**GOAL OF THE EXERCISE**
After finding the line that holds "You are a computer-use agent." below, set down that line and the rest through the final one exactly, leaving the pictures out.
-------- RECORDS FOR THIS EXERCISE
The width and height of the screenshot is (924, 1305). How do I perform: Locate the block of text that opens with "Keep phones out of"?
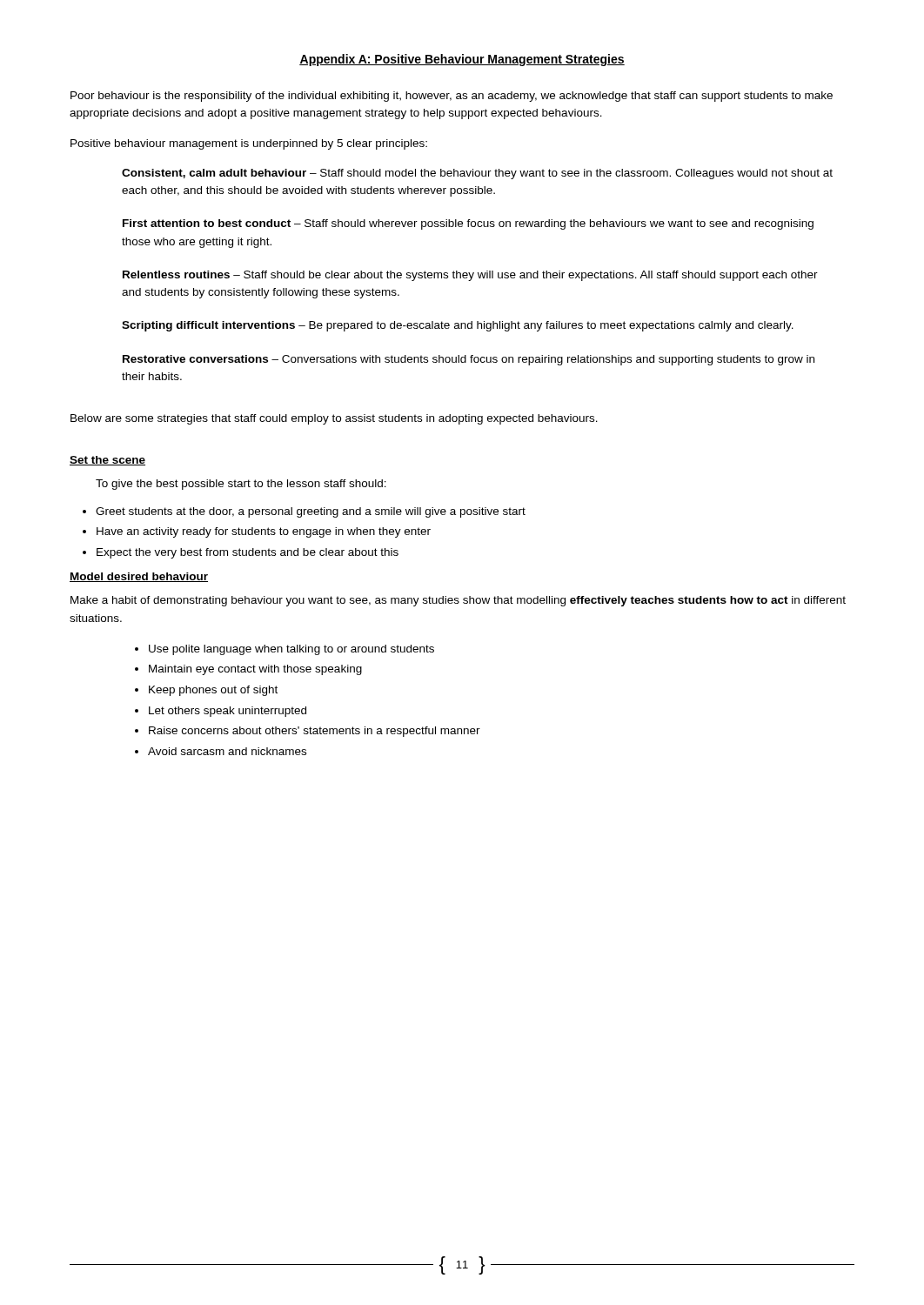click(213, 691)
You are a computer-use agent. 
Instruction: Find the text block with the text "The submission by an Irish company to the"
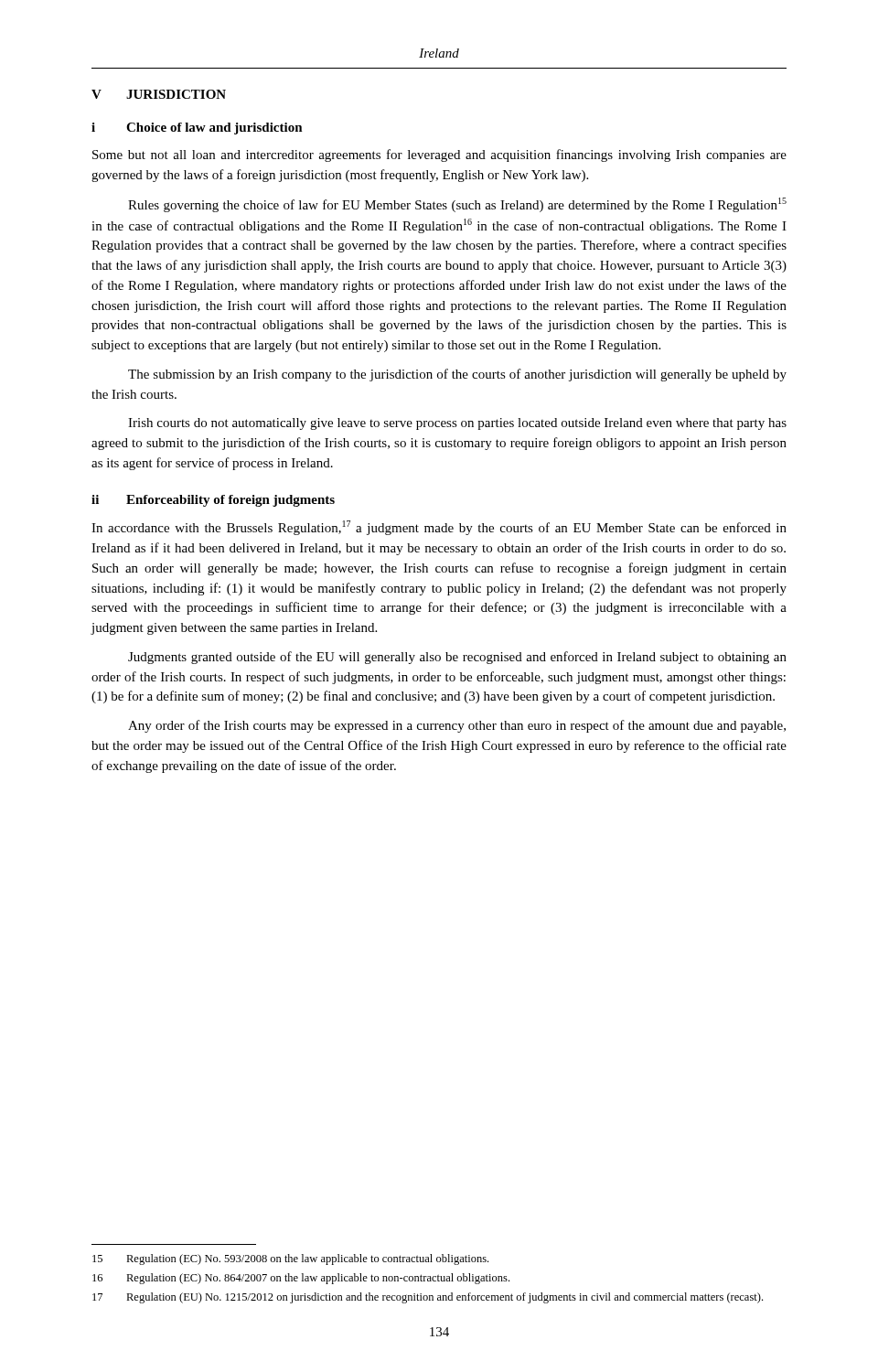tap(439, 385)
----------------
**EXERCISE OUTPUT**
You are a computer-use agent. 
Instruction: Find the text block with the text "The submission by an Irish company to the"
tap(439, 385)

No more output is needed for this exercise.